Опубликовано в журнале Дружба Народов, номер 5, 2014
Александр Бушковский. Радуйся!: Повесть и рассказы. — Петрозаводск: Verso, 2013.
Ужасны «пейзажи» войны! — «Грозненское водохранилище горело из-за разлившейся по нему нефти. Дым был черный и жирный, а желтый огонь день за днем все никак не гас. Потушить его было нельзя, потому что к горящей скважине ближе, чем метров на десять не подойти — сам сгоришь. Купол цирка, стоящего на берегу обмелевшей Сунжи, рухнул, а бывший новый кинотеатр "Юбилейный"… через пробоины просвечивал насквозь и, казалось, ему больше незачем открывать свои двери… Возле каменного забора на свежем снегу лежат тела трех женщин. У железных ворот тело девочки лет восьми… Рядом с пнем — обезглавленное тело старика, а чуть подальше — голова с короткими седыми волосами вокруг лысины».
Но не страшней ли зрелище изуродованных войной человеческих душ?

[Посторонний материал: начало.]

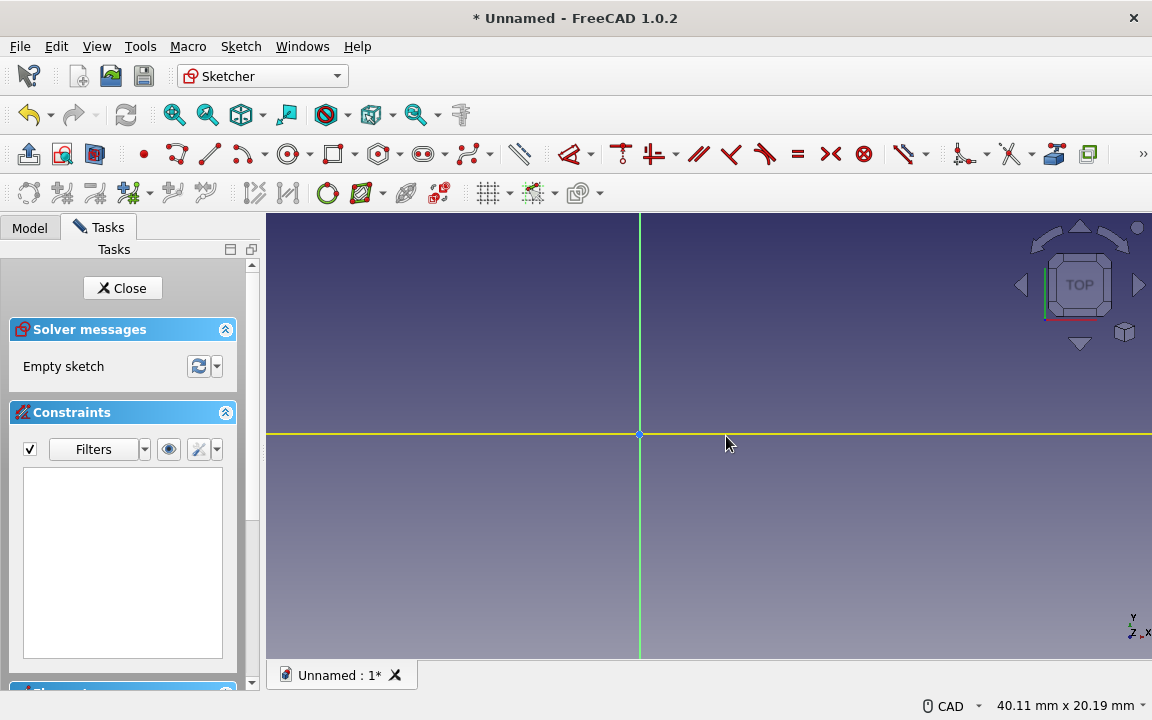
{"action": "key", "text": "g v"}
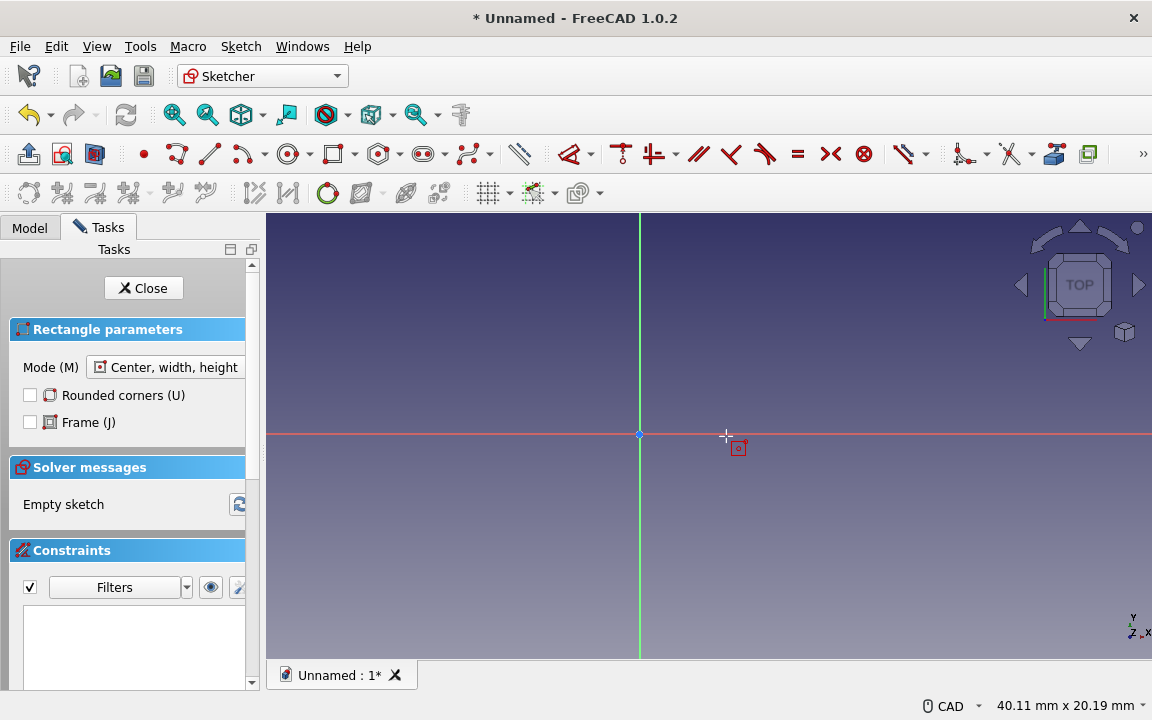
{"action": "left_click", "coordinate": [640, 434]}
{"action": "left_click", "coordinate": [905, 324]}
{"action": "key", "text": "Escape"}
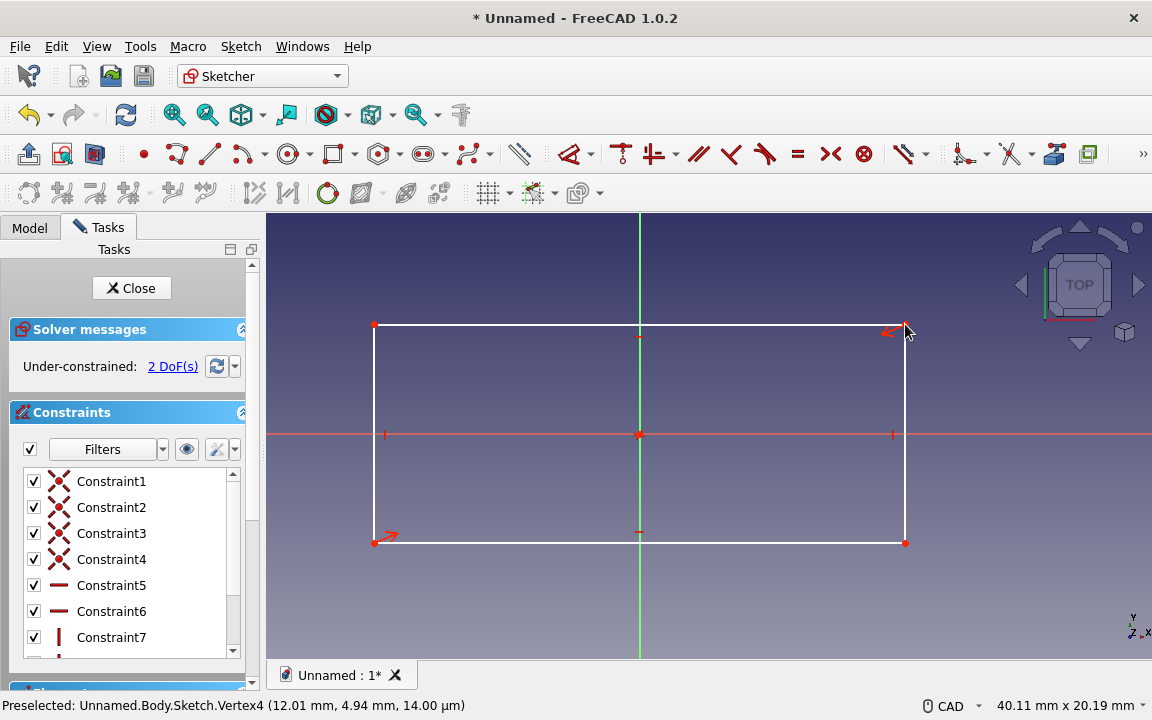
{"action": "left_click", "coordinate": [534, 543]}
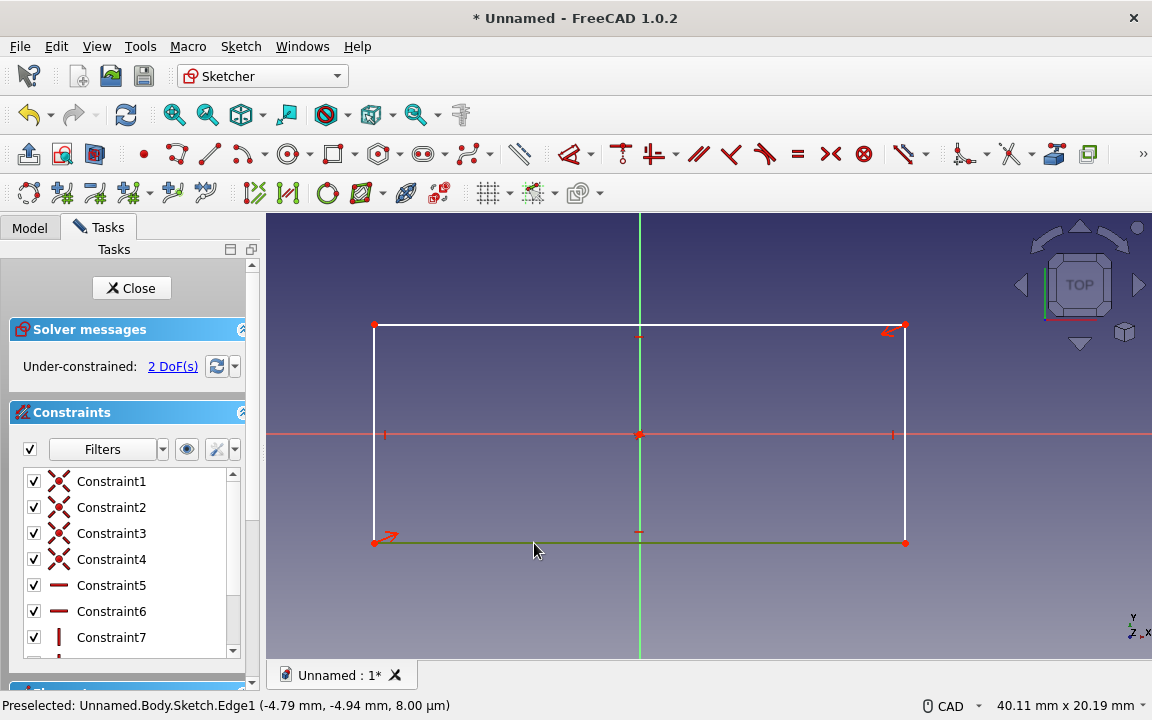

Идет пресловутая «зачистка» городских улиц. В развалинах дома обнаруживают супружескую пару. «Всю жизнь здесь прожили… Две недели уже в подвале сидим», — «затравленно глядя», говорит мужчина, а женщина молча плачет и под конец «напутствует» солдат: «Ребята, режьте их, всех, не берите в плен…»
Да у тех уже и своя объявилась «мотивация» к действиям такого рода. Сгорел в разорванной фугасом машине их товарищ. «Мстили потом за него все равно кому (курсив мой. — А.Т.). насмерть забивая пленных боевиков и не испытывая при этом никаких чувств, кроме желания причинить боль.» Вот и вскоре после вышеописанного эпизода приходится по команде сверху «разбираться на месте» с двумя мужчинами «призывного возраста», которые везли на каталке древнюю старуху, тяжело раненную.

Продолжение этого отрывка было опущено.